Nick: Where I have checklists for different things. Yes, so you're saying you do not have a checklist, is that what you're trying to say?

Leah: I mean, I have what I want in my bag. It's not written down anywhere. I also have three rotating bags, so I don't know which bag it's in. Sometimes I get out of the house, I have the wrong bag.

Nick: Okay.

Leah: With nothing in it. Chaos. Including a license.

Nick: Mine is orange, and so it's bright. And so it always moves from bag to bag.

Leah: I mean, yin and yang.

Nick: Yeah. Yeah. Do you get to be the white half or the black half?

Leah: I don't care.

Nick: Okay. Well, that's very—that's very accommodating.

Leah: [laughs] I just like being a part of something.

Nick: [laughs] Just happy to be—happy to be part of the circle. Yeah.

Leah: Happy to be part of the circle.

Nick: So do you have questions for us about anything? Please let us know! You can let us know through our website, WereYouRaisedByWolves.com. Or you can leave us a voicemail or send us a text message: (267) CALL-RBW.


Nick: And we're back. And now it's time to play a game we like to call Vent or Repent.

Leah: Vent or repent!

Nick: Which is our opportunity to vent about some bad etiquette experience we've had recently. Or we can repent for some etiquette faux pas we've committed. So Leah, would you like to vent or repent?

Leah: I'm gonna repent.

Nick: Okay. Getting those in. Getting that scorecard up.

Leah: I actually have two repents. So I have a repent for this week and one in the hopper for two weeks from now.

Nick: Okay. On deck. So what has happened?

Leah: So this was—I'm still thinking about it. So I thought ...

Nick: Okay.

Leah: ... I have to bring it up because I'm still thinking about it. After our live show, we—you know, we met so many lovely people. Nick and I felt so loved and supported, and it was wonderful. And we were talking to a lot of people. And also for me personally, after I get off stage, I'm sort of in, like, a coming down period.
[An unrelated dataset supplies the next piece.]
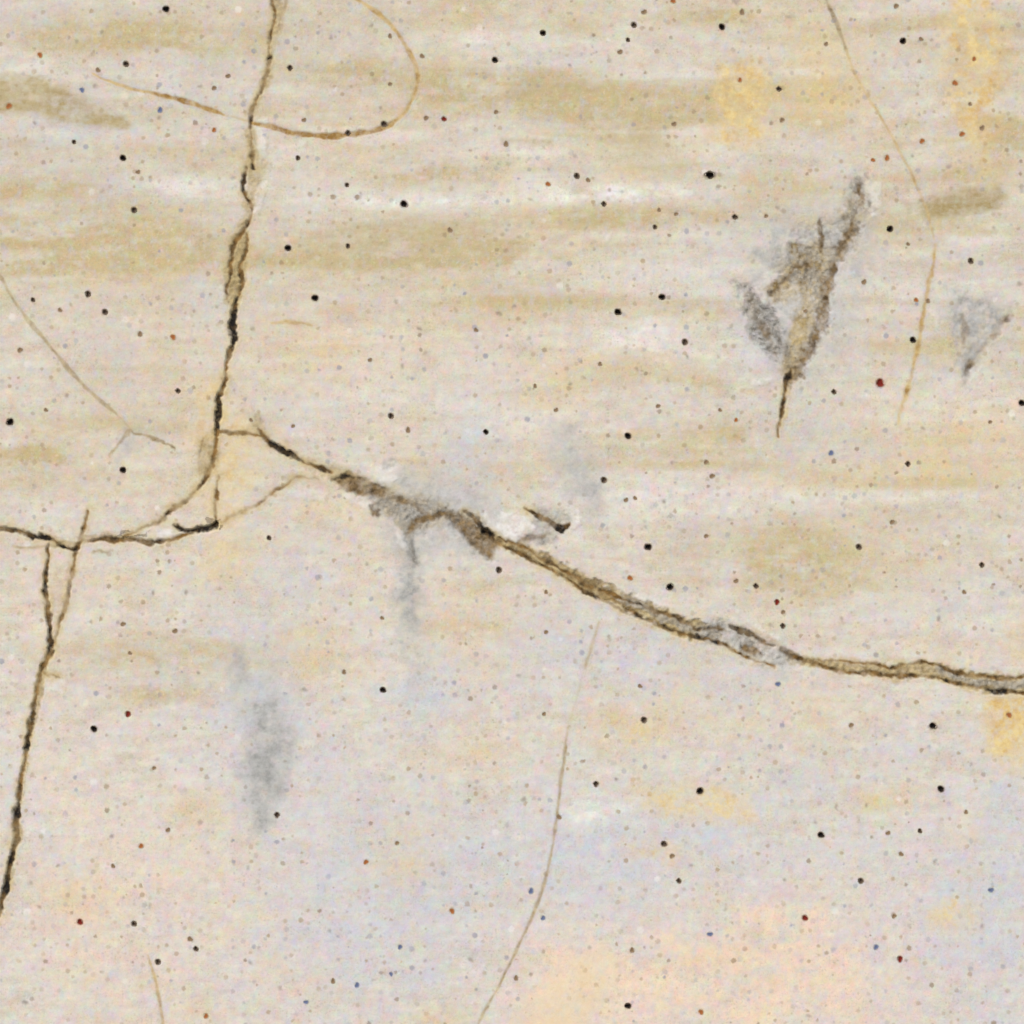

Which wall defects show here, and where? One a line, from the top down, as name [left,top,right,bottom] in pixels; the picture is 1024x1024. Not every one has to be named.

crack [823,0,938,427]
crack [0,0,422,936]
crack [476,534,1024,1024]

Nick: Right. Yeah. And it was an intense 90 solid minutes on stage, and you're like, "Oh, I'm just thirsty. I just need a glass of water." [laughs] Right.

Leah: And so my brain is sort of like going over everything, so that's not my most functioning time right after I'm on stage.

Nick: Sure.

Leah: So a lovely human being gave me cupcakes.

Nick: Yes.

Leah: Yes, I showed you the cupcakes.

Nick: Beautiful cupcakes.

Leah: I was so excited about the cupcakes. And I don't feel like—I said thank you, but I didn't get their name. And I'm sure they told me their name, but that was in my processing time period, and I just feel like a horrible human that I have been unable to find them online and thank them for the cupcakes.

Nick: Okay.

Leah: And so I've just been thinking about it. I think about it multiple times a week.

Nick: Wow!

Leah: And so I was like, "I'm just gonna bring it up on the podcast."
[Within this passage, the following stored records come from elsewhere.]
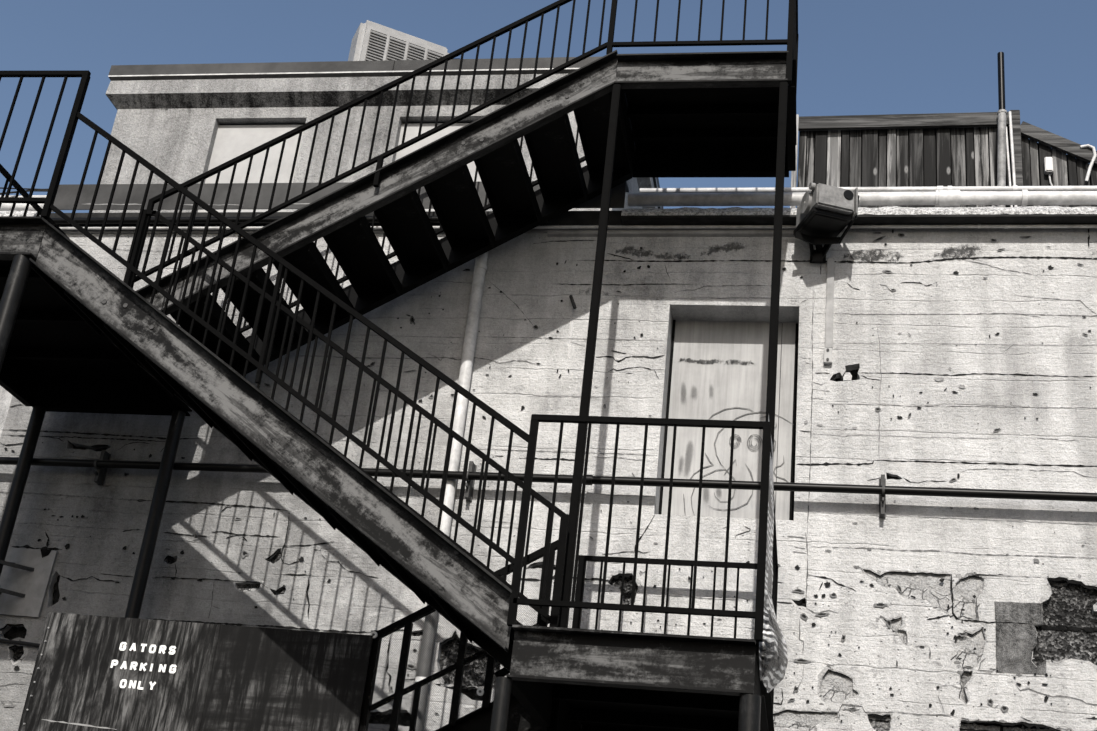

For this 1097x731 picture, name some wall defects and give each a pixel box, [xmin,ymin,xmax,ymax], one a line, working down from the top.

crack [533,229,1097,705]
crack [0,491,413,692]
spalling [792,582,837,626]
spalling [0,624,31,670]
spalling [853,565,1097,731]
crack [814,685,962,731]
crack [1016,685,1097,719]

Nick: Okay. I mean, so is this a repent? It is not a repent.

Leah: It is a repent. Because I feel like I didn't—I wasn't as with it as I normally am where I would be like, "Oh, thank you, Jenny," you know, and be like, it was Jenny with the cupcakes. I just—I couldn't ...

Nick: Okay.

Leah: I feel like my fault because I was—my brain was in one place, my follow up was down, and then I just—I just wanted to follow them home and give them a huge hug. I can't believe you brought me cupcakes! I just felt like I didn't ...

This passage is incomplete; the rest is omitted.